From a note to myself when my sons were in their late teens.  I was struggling as a father to give them the direction they needed while learning to step away and let them find their path.  Never as easy dance!  But parents must learn to adjust parenting approaches as kids develop.  That adjustment requires a spirituality that enables the shifts to take place, an experience of prayerfulness that make releasing our kids possible:

Why do I try to manage the path my sons take? Managing them isn't really about them; it's about me. I'm only projecting my anxiety upon them, fueling their self-doubt, their resentment. Their life is their life, not mine. What they most need is my love, my confidence and wisdom when they ask for it, my presence when they approach me.   So, don't answer questions they're not asking. Don't do for them what they don't want done. Don't suggest what's not on their minds. And don't protect them from their mistakes---even their serious ones. Remember your youth. remember that you've not learned anything worth learning without pain. Tend to your own life, prayerfulness, wholeness---your own path. There's enough work in that alone. Love what is, not what should be, could be, or would be if only . . . .  Crucifiy your illusions, idolatries, ideals. Delight instead in everything here and now. This is life. You have no other.

They know your values. They know what works, even if they're unconscious to it now. Let them fail and put their own practices into play, learning their own values---which may or may not be yours. That is success. But keep pushing and demanding, and you'll not only push them away, you'll cripple them.  Do what you want and need to do. No more. And keep watch over your wounds that can quickly turn to stifling, oppressive demands that make us all into losers.

The path of unshackled happiness

In wordless prayer, my mind began to carry me away, searching for things that would make me happy.   All things I don't have. All the "shoulds" and "oughts" that hound me with the persistence of a pack of dogs. Then suddenly all this cleared and I saw (or rather, felt) the great hilarity of it all. Happiness broke upon me despite what I don't have. Hilarity, precisely because in not having them---those circumstantial comforts, the conditional supports to happiness, the "good life"---my ego was detached momentarily from needing them.

Just as I began to lament this most recent challenge to all my "scripts" (a personal experience of loss), I became aware of the grace in it all---the charismatic, supernatural action of the Holy Spirit to strip me of anything natural, even good things, that might bring me happiness.

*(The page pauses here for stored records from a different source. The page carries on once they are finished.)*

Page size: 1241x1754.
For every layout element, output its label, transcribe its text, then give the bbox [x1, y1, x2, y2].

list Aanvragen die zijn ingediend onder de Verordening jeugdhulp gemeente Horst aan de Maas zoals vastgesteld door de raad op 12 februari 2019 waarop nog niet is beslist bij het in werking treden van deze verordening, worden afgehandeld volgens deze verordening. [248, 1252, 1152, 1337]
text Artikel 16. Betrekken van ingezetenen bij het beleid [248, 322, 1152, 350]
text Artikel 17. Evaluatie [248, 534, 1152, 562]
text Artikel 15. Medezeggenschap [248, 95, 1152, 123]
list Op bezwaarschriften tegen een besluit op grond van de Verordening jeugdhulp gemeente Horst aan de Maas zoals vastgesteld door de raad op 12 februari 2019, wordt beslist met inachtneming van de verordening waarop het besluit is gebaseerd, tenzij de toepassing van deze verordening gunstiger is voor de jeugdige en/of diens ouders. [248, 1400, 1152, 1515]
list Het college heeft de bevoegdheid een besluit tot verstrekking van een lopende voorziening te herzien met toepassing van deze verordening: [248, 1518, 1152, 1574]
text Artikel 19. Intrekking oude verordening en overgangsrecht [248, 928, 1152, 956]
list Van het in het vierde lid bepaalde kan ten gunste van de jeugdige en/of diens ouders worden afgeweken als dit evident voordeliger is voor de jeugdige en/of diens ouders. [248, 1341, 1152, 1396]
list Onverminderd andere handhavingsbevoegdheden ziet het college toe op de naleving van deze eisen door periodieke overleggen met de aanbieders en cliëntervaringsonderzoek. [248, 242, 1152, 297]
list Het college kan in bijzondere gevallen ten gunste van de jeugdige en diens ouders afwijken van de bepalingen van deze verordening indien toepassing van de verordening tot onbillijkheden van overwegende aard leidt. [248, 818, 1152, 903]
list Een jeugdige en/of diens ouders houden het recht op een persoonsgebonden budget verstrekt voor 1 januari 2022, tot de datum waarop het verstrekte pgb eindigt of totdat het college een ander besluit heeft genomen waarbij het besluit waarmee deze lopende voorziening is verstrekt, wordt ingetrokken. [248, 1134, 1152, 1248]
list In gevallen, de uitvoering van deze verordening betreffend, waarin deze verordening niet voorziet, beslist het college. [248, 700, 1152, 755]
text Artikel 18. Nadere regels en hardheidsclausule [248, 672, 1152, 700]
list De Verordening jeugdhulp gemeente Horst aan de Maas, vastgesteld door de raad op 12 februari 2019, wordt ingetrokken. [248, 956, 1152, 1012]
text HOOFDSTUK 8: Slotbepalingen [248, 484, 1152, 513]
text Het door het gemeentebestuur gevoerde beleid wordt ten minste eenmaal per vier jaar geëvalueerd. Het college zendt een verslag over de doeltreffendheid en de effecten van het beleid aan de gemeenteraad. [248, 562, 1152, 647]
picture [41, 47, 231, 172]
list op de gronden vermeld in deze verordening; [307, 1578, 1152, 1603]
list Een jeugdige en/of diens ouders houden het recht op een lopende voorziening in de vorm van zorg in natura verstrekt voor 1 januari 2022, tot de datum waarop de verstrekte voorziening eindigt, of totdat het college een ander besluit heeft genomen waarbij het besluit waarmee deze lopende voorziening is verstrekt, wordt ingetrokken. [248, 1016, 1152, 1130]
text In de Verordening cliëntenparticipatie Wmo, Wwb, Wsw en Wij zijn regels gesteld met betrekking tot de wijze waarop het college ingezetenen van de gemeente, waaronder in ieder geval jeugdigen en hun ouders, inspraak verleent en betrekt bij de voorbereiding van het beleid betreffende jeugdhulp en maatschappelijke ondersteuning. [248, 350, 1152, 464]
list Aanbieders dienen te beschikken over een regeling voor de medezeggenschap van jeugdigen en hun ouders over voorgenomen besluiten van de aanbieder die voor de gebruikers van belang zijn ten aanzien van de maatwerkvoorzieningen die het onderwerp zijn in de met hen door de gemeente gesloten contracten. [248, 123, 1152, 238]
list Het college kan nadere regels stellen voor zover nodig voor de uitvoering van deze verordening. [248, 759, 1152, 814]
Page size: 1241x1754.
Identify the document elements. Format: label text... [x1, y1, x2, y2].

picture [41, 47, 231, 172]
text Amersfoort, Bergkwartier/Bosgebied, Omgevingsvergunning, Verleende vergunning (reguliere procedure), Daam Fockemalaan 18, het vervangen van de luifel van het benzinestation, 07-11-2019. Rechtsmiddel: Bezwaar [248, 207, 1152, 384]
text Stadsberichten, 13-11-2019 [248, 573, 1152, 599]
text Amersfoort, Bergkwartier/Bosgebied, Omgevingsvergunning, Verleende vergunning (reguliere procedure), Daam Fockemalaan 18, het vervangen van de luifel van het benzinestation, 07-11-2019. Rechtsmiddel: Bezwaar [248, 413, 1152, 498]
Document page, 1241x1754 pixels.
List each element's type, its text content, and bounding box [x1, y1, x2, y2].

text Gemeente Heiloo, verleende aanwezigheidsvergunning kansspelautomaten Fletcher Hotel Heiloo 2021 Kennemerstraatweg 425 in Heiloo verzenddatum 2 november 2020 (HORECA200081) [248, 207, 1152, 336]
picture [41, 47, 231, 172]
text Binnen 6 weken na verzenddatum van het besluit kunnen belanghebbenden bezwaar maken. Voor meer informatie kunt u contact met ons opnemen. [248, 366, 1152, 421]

When the ego is stripped of all superficial things that usually bring it happiness or comfort, it's natural to lament the loss and become anxious or despondent. The ego is used to being propped up.

But crisis, loss, and trouble come into our lives and can be experienced or received as grace.  They have the power to strip us of the shackles of our lesser attachments.  Then ours souls can soar free into unrestrained happiness.  We are those who can no longer be separated from God by any-thing.

This is true freedom.

Leadership models from the 4th century

From my journals.  Monday, May 21, 2007 St. Macarius Monastery, Wadi Natrun, Egypt

wadi natrunMerton writes that we won't find the likes of the desert fathers and mothers today---not even in Skete. What the fathers did had not been done before. With them "you have the characteristic of a clean break with a conventional, accepted social context in order to swim for one's life into an apparently irrational void."

The examples and sayings of the Desert Fathers have become themselves conventional stereotypes, models for the accepted social context of monasticism which is no longer shocking.

"We are no longer able to notice their fabulous originality," writes Merton. "We cannot do exactly what they did. But we must be as thorough and as ruthless in our determination to break all spiritual chains, and cast off the domination of alien compulsions, to find our true selves, to discover and develop our inalienable spiritual liberty and use it to build, on earth, the Kingdom of God. We need to learn from these men of the fourth century how to ignore prejudice, defy compulsion, and strike out fearlessly into the unknown."